Karen dio un respingo. Se estrujaba la camisa en el pecho.


—Que tiene miedo, señora Chaves, miedo de perder a su hija porque Paula no ha hecho otra cosa que apoyarse en mí desde que se curó, no en usted. Y, sinceramente —arqueó las cejas—, creo que tienen razón. Al principio, me negué a creer que una madre se comportase así hacia su hija por miedo, pero ahora me doy cuenta de que es cierto, si no, ¿por qué tanto afán en que se case con Ramiro si sabe perfectamente que su hija no lo ama? Yo le respondo a esto... —suspiró—. Porque a Ramiro lo ve a diario desde que entró a trabajar en el bufete de su marido. Porque a Ramiro cree tenerlo en la palma de mano, cree dirigirlo a su conveniencia, que no es otra que tener a Paula pegada a su lado, la única hija que le queda, una hija a la que, en los últimos cuatro años, ha visto apenas unos pocos meses. »Y digo cree, ¿sabe por qué? Porque es justo al revés —se rio sin humor —. Es Ramiro quien maneja, quien miente y quien manipula. Y usted no se da cuenta de ello porque no hay peor ciego que el que no quiere ver, señora Chaves. Y, como diría mi hermano Manuel, tengo una teoría al respecto, pero, de
momento, me la guardaré para mí —se acercó—. Solo deseo hacer feliz a su hija porque Paula no se merece otra cosa —sonrió con dulzura—. Paula es pura bondad y lleva sin sonreír desde que murió su mejor y única amiga: su hermana. No solo ustedes perdieron a Lucia, Paula perdió a su alma gemela. ¿Sabe por qué eligio Shangái como primera parada en su viaje a China? Porque era el sueño de Lucia.
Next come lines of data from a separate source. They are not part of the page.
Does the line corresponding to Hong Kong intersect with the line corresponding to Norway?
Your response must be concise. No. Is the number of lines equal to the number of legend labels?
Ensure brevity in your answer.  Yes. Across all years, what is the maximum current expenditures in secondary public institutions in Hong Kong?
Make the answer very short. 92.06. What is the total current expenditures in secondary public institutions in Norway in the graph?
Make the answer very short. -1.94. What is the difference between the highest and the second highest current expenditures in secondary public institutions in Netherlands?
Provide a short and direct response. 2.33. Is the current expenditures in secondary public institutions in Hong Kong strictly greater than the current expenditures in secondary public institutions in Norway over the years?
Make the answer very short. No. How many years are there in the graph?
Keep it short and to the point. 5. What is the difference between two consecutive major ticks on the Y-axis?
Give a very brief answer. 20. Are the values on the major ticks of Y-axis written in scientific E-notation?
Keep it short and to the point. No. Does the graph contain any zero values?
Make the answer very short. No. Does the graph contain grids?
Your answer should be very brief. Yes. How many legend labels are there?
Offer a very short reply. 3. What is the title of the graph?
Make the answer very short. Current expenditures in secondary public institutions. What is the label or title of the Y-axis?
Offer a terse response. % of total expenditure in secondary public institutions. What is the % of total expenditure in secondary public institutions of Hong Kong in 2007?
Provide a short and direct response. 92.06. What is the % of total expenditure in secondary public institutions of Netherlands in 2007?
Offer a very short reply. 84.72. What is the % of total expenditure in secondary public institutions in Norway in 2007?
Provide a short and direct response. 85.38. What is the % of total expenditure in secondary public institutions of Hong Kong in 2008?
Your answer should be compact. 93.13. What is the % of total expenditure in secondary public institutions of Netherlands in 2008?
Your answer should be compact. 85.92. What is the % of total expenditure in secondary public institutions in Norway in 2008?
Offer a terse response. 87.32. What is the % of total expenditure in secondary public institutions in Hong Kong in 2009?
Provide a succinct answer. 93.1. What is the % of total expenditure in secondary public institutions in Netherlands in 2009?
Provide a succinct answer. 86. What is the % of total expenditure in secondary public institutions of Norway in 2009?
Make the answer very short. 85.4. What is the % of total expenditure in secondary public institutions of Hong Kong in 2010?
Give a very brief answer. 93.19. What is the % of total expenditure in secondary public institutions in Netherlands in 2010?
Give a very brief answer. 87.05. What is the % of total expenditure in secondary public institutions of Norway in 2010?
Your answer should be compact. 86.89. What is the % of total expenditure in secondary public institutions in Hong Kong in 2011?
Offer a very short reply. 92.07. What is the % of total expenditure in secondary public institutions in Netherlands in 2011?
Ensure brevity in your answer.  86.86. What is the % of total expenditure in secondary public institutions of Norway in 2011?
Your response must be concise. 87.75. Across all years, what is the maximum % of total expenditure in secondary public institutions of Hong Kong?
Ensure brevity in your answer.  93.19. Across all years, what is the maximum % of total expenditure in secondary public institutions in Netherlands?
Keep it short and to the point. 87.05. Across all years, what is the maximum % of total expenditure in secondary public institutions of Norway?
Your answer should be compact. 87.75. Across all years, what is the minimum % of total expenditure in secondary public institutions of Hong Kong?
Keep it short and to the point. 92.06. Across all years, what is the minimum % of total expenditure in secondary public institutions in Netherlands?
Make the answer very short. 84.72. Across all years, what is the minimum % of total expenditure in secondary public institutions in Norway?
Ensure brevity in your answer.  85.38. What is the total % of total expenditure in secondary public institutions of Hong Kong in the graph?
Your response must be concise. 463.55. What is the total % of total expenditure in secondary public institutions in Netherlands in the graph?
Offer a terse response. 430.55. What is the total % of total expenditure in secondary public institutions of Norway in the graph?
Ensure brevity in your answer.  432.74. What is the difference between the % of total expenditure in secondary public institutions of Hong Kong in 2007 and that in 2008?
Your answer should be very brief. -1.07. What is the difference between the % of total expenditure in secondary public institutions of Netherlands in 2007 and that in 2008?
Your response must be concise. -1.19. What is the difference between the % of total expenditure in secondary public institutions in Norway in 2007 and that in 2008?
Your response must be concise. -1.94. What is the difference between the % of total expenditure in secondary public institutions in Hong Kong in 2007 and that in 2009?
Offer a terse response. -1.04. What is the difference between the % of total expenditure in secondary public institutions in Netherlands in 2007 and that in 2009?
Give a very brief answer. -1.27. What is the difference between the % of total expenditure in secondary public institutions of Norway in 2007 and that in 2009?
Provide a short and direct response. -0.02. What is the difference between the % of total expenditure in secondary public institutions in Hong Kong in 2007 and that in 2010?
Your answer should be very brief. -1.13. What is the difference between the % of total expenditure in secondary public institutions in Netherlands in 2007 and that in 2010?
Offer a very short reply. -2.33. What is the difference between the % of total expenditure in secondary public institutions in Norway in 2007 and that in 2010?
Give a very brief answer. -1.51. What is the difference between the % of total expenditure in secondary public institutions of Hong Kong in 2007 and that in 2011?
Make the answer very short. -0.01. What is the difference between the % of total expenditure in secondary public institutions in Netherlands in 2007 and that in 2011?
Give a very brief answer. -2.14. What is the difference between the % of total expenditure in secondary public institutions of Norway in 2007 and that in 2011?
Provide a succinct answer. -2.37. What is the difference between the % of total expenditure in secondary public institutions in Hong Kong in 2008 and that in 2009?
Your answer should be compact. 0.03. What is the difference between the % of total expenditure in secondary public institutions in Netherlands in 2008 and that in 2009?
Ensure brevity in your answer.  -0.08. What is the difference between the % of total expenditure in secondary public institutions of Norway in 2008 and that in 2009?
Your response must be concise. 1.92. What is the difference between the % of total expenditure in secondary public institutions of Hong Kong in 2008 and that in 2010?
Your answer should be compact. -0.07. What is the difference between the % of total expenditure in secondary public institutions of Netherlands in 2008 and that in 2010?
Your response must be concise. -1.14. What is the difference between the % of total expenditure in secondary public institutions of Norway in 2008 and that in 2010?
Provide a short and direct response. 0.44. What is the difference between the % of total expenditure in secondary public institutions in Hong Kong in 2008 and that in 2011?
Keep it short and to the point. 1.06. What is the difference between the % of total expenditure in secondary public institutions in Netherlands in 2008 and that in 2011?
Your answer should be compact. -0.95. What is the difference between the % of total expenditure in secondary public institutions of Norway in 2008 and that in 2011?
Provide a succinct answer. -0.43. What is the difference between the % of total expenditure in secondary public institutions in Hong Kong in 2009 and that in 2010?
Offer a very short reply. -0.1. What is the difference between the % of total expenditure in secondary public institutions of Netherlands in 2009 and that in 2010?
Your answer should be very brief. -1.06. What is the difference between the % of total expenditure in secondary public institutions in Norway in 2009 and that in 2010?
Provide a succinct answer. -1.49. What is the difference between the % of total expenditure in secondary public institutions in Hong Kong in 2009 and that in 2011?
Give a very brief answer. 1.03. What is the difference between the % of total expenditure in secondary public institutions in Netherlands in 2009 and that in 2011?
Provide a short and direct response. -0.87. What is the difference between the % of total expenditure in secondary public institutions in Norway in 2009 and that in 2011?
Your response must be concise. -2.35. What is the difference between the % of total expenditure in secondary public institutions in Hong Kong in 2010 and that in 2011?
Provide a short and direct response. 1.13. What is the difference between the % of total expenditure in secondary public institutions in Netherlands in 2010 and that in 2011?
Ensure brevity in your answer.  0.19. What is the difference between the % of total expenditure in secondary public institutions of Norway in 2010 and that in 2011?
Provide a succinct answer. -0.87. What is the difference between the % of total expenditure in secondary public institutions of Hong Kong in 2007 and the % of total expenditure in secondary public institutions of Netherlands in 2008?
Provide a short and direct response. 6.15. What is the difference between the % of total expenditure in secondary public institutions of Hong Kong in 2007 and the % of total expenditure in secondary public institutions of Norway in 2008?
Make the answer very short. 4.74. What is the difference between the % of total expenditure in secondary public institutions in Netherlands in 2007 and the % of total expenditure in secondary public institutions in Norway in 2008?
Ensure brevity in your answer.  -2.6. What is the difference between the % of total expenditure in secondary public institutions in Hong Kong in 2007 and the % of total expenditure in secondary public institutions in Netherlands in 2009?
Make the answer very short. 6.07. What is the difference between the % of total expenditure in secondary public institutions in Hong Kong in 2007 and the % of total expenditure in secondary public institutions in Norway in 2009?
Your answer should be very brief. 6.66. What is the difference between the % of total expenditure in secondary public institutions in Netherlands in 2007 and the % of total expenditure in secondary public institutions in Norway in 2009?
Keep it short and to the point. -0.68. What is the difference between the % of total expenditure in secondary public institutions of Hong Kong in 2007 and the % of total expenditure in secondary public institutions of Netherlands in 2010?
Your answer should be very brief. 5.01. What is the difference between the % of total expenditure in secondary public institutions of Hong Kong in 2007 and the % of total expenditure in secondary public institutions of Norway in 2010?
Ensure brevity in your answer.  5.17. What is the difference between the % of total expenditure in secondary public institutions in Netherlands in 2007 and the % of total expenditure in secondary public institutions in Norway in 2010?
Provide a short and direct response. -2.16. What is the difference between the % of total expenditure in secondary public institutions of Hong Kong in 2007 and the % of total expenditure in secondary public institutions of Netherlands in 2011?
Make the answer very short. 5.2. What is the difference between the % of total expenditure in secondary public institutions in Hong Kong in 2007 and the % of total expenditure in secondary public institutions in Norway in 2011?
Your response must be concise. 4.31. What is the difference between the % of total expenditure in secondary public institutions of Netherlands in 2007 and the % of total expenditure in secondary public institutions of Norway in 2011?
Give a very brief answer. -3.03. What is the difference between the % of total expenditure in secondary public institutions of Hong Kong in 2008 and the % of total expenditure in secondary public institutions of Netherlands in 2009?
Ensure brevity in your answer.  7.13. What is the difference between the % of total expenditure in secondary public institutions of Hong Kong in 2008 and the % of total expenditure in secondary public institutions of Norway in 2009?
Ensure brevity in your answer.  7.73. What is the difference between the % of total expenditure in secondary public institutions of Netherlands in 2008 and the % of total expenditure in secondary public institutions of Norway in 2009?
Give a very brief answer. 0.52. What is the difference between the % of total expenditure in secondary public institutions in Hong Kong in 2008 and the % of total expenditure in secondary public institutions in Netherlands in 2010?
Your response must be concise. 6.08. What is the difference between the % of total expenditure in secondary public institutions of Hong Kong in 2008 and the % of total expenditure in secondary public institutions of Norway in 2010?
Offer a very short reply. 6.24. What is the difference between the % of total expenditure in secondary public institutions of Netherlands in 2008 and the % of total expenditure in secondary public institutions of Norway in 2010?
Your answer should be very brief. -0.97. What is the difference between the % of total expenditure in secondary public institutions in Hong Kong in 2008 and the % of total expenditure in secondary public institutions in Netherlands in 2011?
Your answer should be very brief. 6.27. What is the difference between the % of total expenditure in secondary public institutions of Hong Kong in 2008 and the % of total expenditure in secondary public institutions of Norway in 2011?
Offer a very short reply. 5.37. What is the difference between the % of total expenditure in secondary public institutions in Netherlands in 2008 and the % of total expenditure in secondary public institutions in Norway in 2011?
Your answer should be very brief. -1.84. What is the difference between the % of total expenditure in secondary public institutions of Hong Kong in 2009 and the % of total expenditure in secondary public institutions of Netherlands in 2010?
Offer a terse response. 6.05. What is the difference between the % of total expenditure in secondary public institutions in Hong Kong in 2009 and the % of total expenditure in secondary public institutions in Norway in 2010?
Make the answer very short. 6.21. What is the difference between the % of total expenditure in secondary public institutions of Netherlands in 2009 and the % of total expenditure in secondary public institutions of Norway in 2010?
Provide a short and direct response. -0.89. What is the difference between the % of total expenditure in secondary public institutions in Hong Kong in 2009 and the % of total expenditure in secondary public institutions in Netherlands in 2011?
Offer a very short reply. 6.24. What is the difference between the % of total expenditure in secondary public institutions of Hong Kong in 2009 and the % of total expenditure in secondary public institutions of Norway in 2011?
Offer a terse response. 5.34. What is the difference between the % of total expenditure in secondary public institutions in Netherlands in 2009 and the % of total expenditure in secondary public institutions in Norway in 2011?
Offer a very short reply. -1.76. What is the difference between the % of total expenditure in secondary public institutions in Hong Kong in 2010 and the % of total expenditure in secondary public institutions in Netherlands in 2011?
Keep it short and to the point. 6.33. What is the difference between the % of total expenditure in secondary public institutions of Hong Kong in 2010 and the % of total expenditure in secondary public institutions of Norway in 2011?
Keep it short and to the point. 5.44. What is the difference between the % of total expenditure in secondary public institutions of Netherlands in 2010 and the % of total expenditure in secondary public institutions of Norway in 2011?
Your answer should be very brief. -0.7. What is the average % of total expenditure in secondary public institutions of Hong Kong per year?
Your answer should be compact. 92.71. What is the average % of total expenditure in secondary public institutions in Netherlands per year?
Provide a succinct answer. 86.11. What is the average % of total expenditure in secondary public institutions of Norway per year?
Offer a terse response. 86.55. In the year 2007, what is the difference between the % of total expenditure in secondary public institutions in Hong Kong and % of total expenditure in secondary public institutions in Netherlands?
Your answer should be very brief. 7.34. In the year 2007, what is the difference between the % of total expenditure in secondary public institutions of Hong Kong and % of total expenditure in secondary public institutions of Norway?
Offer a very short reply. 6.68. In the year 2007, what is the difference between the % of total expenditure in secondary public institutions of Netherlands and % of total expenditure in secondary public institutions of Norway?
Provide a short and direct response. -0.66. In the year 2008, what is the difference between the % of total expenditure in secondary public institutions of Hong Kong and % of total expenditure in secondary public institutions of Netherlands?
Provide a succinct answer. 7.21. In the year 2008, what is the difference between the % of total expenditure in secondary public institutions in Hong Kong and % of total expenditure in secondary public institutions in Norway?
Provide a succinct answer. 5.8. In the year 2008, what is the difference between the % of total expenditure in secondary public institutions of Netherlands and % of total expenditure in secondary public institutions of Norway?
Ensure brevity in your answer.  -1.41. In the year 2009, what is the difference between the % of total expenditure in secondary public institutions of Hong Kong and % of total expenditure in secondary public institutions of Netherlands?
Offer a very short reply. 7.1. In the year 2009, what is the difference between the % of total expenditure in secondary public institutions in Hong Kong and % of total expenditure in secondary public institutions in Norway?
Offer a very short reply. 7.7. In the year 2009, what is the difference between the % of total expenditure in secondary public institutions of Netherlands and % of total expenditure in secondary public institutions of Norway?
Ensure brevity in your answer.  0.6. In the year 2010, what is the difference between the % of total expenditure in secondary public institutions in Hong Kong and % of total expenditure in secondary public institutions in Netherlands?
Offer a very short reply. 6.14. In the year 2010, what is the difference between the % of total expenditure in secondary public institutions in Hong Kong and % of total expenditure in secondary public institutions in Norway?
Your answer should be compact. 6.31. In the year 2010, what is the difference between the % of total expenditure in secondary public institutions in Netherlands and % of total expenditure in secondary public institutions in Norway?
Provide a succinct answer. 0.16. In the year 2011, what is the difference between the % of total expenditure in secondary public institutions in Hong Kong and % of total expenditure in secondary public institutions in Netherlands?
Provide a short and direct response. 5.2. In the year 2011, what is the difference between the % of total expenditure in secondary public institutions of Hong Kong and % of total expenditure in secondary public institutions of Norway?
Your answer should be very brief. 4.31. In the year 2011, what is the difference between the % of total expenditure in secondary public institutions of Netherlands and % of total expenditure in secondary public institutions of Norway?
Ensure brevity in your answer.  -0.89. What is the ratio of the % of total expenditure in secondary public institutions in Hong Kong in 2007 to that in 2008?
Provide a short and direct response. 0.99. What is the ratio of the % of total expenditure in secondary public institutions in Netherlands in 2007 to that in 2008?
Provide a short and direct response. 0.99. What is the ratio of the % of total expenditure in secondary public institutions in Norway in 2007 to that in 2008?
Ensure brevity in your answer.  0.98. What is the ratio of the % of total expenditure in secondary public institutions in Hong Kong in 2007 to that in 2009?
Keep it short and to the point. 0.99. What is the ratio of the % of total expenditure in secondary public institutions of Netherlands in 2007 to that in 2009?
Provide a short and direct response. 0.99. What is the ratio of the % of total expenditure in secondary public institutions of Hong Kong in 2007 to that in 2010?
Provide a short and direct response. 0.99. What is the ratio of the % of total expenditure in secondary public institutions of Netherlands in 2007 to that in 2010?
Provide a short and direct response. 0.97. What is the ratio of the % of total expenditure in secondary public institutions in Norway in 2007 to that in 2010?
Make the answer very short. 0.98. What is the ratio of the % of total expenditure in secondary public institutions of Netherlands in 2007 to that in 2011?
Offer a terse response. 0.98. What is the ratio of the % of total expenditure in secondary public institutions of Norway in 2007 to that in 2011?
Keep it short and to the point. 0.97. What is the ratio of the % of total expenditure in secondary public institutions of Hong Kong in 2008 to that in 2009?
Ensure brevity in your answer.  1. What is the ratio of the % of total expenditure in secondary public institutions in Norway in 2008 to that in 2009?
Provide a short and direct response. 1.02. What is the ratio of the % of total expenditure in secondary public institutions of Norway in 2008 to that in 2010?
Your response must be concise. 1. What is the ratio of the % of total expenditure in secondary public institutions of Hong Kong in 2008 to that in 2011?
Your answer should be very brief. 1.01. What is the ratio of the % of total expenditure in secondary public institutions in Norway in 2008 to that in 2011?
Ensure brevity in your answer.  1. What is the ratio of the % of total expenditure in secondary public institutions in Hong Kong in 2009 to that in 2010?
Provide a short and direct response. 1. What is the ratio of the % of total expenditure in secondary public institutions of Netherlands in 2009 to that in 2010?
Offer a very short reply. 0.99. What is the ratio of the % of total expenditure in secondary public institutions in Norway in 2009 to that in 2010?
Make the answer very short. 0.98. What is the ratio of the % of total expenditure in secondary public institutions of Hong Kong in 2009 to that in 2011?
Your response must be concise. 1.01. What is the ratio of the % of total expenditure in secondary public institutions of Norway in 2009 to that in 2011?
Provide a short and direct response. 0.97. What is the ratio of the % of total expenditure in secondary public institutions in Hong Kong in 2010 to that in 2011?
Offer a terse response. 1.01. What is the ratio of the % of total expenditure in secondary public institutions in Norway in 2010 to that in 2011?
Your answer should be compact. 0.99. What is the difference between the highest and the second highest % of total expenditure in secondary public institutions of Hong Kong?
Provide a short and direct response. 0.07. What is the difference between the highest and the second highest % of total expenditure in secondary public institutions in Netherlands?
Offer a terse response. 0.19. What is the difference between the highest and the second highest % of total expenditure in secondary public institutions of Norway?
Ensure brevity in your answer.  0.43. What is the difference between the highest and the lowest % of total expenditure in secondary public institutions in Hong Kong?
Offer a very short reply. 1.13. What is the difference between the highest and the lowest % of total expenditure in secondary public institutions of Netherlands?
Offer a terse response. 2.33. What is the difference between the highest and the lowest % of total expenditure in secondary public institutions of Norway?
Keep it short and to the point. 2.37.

Karen se cubrió la boca, ahogando un sollozo.


—Lucia quería ser una aventurera —declaró Pedro en voz baja, casi un susurro—. Lucia tenía un sueño. No iría a la universidad, leería todos los libros de Historia del mundo y esperaría a que Paula acabase Derecho para
marcharse las dos juntas en busca de aventuras. Nunca se casarían y morirían el mismo día siendo unas viejecitas solteronas en alguna aldea perdida. Y quería empezar su sueño en Shangái...


La mujer lloró sin emitir ruido. Luchaba por no hacerlo, tragaba repetidas veces, pero se convulsionaba y respiraba con dificultad. Vulnerable. Perdida...


—Y si me metí en su vida —insistió él, vehemente— fue también porque sentí que Paula me necesitaba tanto como yo la necesitaba a ella. Sé lo que es sentir que nunca puedes defraudar a nadie. Sé lo que cuesta levantarse después de una caída. Puedo y quiero cuidar de Paula. Y lo haré siempre. Y, lo siento mucho por usted, señora Chaves, pero nada ni nadie me separará de ella, a no ser que Paula me lo pida mirándome a los ojos. Y rezo a diario para que eso no ocurra jamás, porque, si eso sucediera, si Paula dejase de quererme, le
aseguro que me moriría... —se estremeció ante tal pensamiento—. Hable con ella. Escúchela —suspiró—. Buenas noches, señora Chaves. Lamento mucho el rumbo que ha tomado la cena. De verdad que huele muy bien.


Y se fue.


Se montó en el coche y acarició la rodilla de su muñeca, que se había adormecido esperándolo. Ella se sobresaltó. Pedro sonrió.


—¿Adónde vamos? —le preguntó Pedro, arrancando.


—A casa... —lo observó sin pestañear, como abstraída—. A nuestra casa...


—Me gusta cómo suena —le guiñó un ojo y se incorporó a la calzada—. Nuestra casa.


Esa noche no cenaron, ni charlaron entre ellos. 


Se tumbaron en la cama sin desvestirse, tan solo se descalzaron, y contemplaron el cielo, abrazados y en silencio, hasta que el sueño los atrapó.